I read on a book that in general k-NN (no optimizations), given
- $d$ dimensions
- $n$ examples
every computation of distance is $O(d)$. Since every example has to be compared with all the other ones, the complexity is $O(dn^2)$
I am doing 1-Nearest-Neighbors with Dynamic Time Warping as distance "metric".
The complexity to my calculations, was, given:
- $d$ dimensions
- $n$ examples
- $m$ instances of feature for each example
- (bonus) $c$ classes
$O(m^2)$ complexity of a single comparison of DTW algorithm
$O(d\,n^2)$ complexity of general k-NN
Thus in a single training/test, the complexity for all the computation is:
$O(d\,n^2\,m^2)$
If I have $c$ classes, and $c$ classifiers, one for each class, with each having custom features, the overall complexity is
$O(c\,d\,n^2\,m^2)$
Is this correct? Or I'm missing something?
EDIT: An example contains temporal data which gives out another dimension. You can imagine an example as a matrix where $d$ is the number of features (columns), and $m$ the number of instances of features (rows).

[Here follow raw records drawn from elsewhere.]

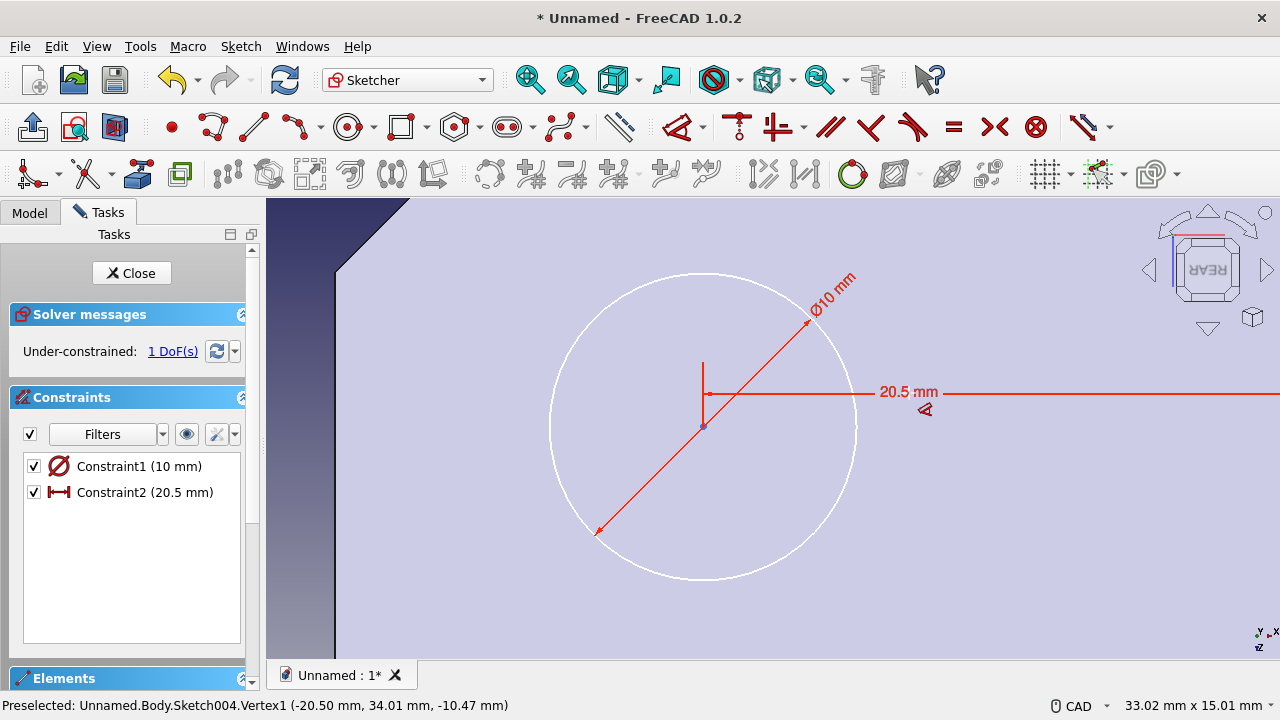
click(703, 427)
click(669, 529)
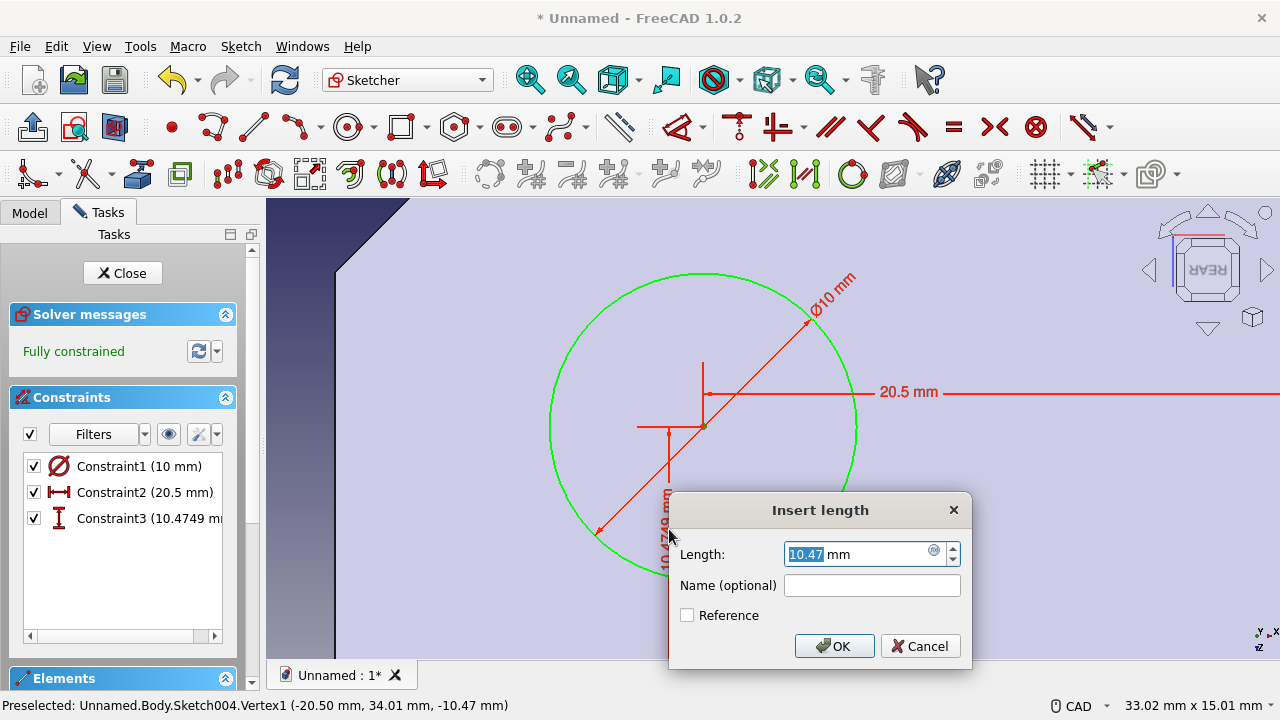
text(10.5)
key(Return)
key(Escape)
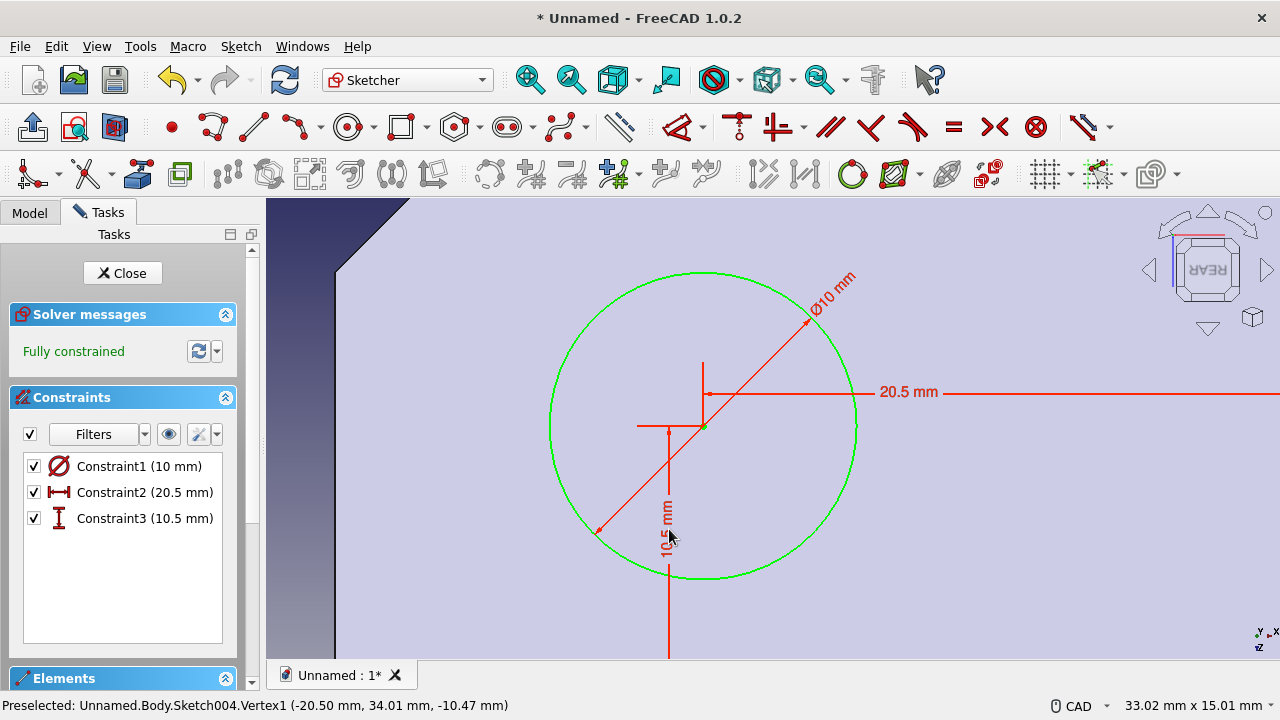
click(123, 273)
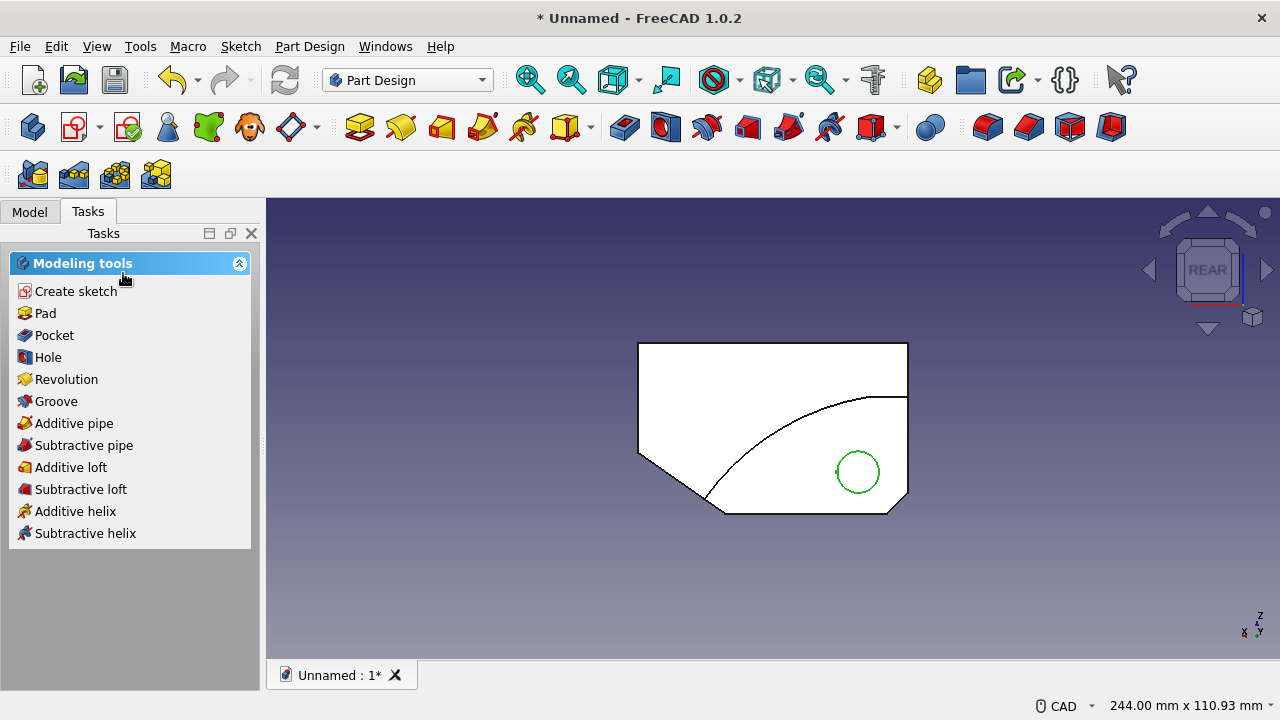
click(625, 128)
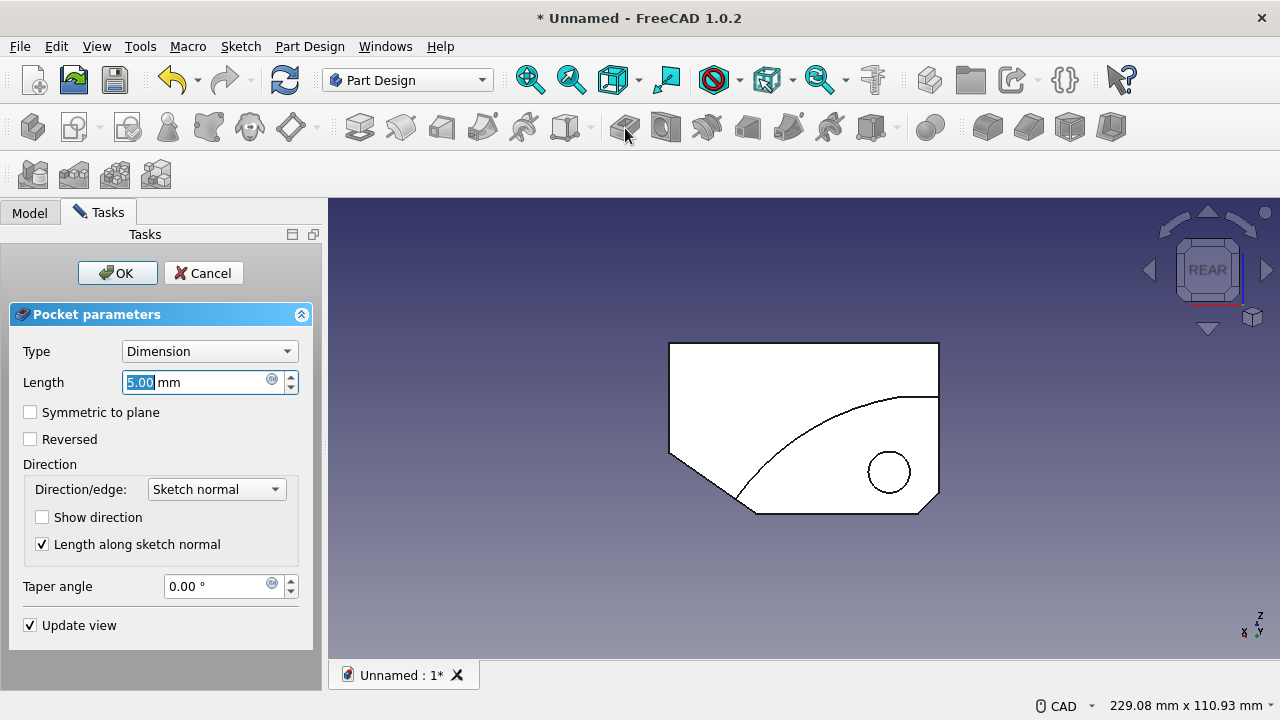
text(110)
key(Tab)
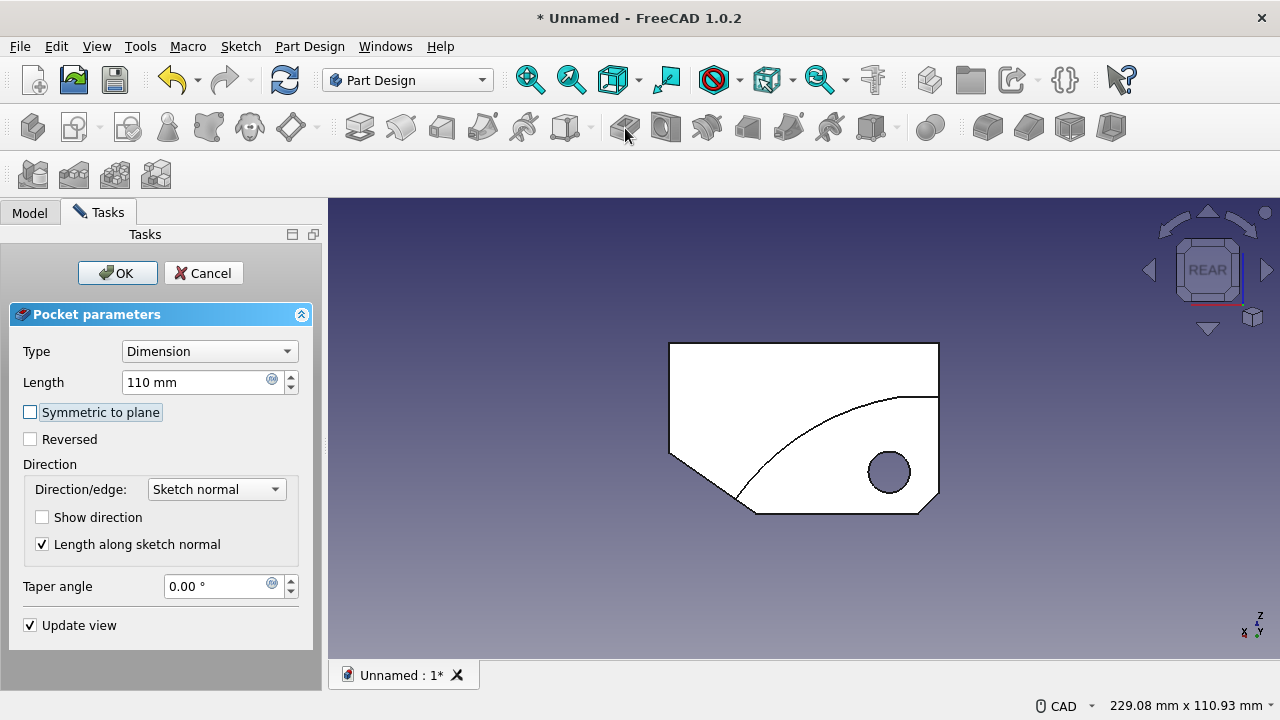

So I can have a table like this
<$m$> | $f_1$ | $f_2$ | $f_3$ | ...
$m_1$ | $a$ | $b$ | $c$ | ...
$m_2$ | $a'$ | $b'$ | $c'$ | ...
When I compare for a single feature two examples, the DTW distance is a scalar value for each feature, so the comparison becomes
$dist_1$ | $dist_2$ | $dist_3$ | ...
with $dist_i$ scalar $\forall i$ and $|\{dist_i | \forall i\}| = d$
The time complexity to calculate each $dist_i$ is $O(m^2)$ (DTW algorithm has quadratic complexity, or $m\cdot m'$ if different number of lengths).